Onegenome-wide association study on cocaine addiction identified anSNP which maps to an intron of the FAM53B gene. This gene isbelieved to be linked with axonal extension during development andcell proliferation (89). Secondarily, alcoholism affects the expression ofGABAA genes resulting in substance tolerance (27,32).Other genes identified that are involved in the metabolism ofalcohol are ADH1B and ALDH2, including GABRA2,CHRM2, KCNJ6 and AUTS2. Additionally, they control motor activity,intestinal tract motility and peristalsis, the hypothalamicneuroendocrine axis and limbic system regulation of emotionalbehavioral, modulating euphoric responses and opposing stress(31-33).These effects glorify opioids in substance users. Endorphins impact addiction via two routes, either bystimulating the mesolimbic dopamine system also independently, byan increase in endorphins in the extracellular space in the nucleusaccumbens (34). Addiction is a multifactorial process and it isdifficult to understand why some individuals are more susceptibleto developing addictive behavior than others.

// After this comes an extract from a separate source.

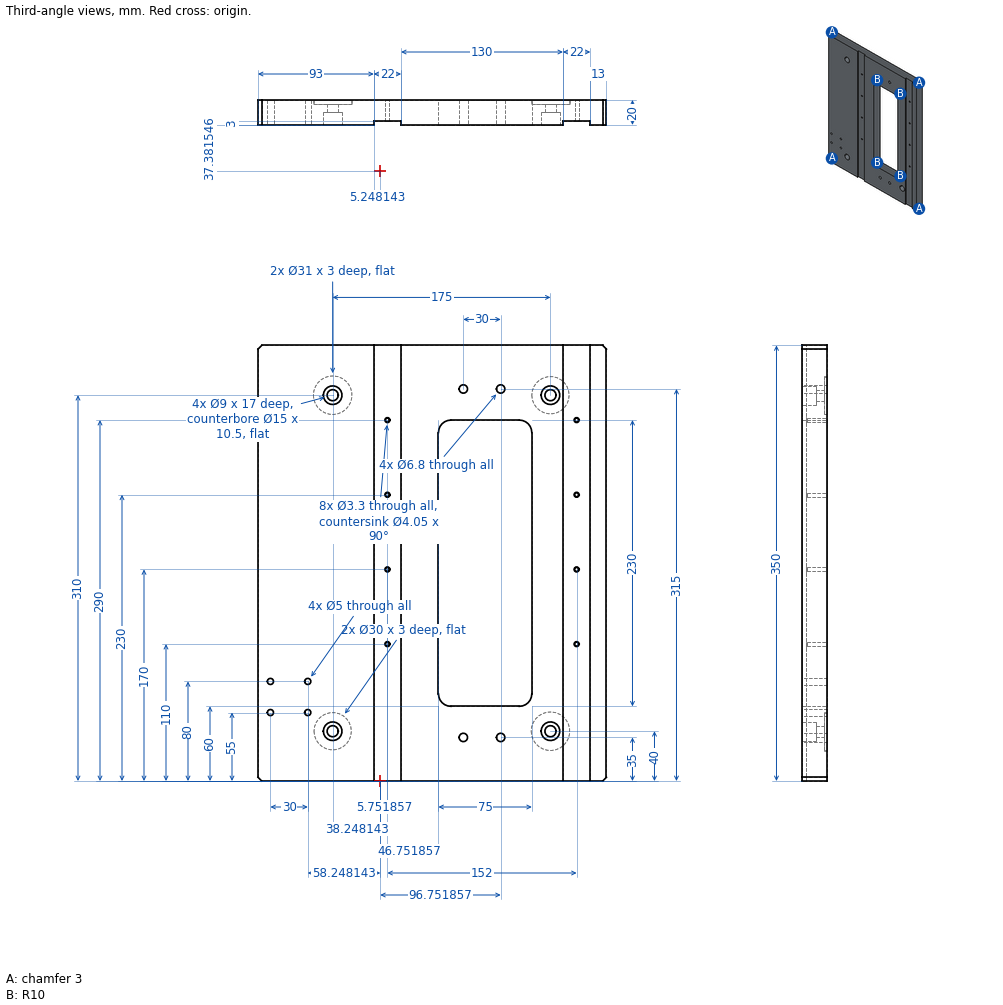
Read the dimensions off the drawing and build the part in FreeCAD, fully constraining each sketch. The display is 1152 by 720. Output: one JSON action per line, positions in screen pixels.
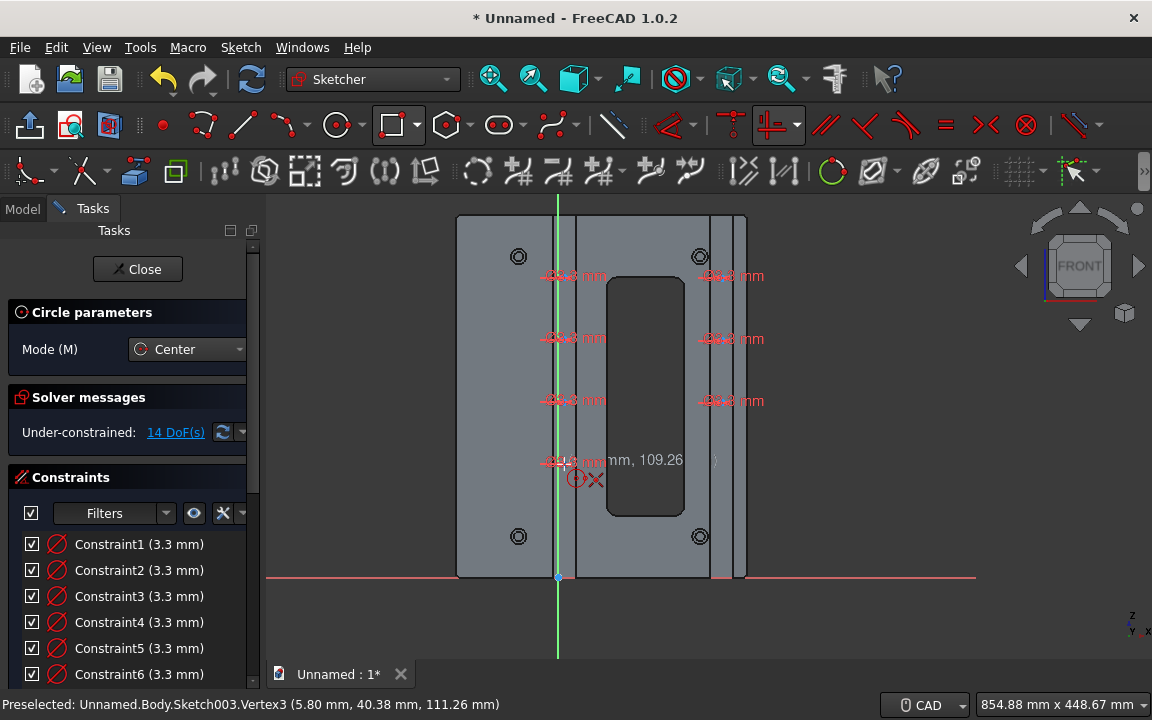
{"action": "scroll", "coordinate": [722, 464], "scroll_direction": "up", "scroll_amount": 13}

A review of tobacco abuse and its epidemiological consequences
A family history of addiction can significantly increase the risk of developing a substance use disorder. Children with parents who struggle with addiction are more likely to face similar challenges as they grow older. Environmental factors, such as early exposure to substance abuse and behavioral modeling, also contribute to the risk.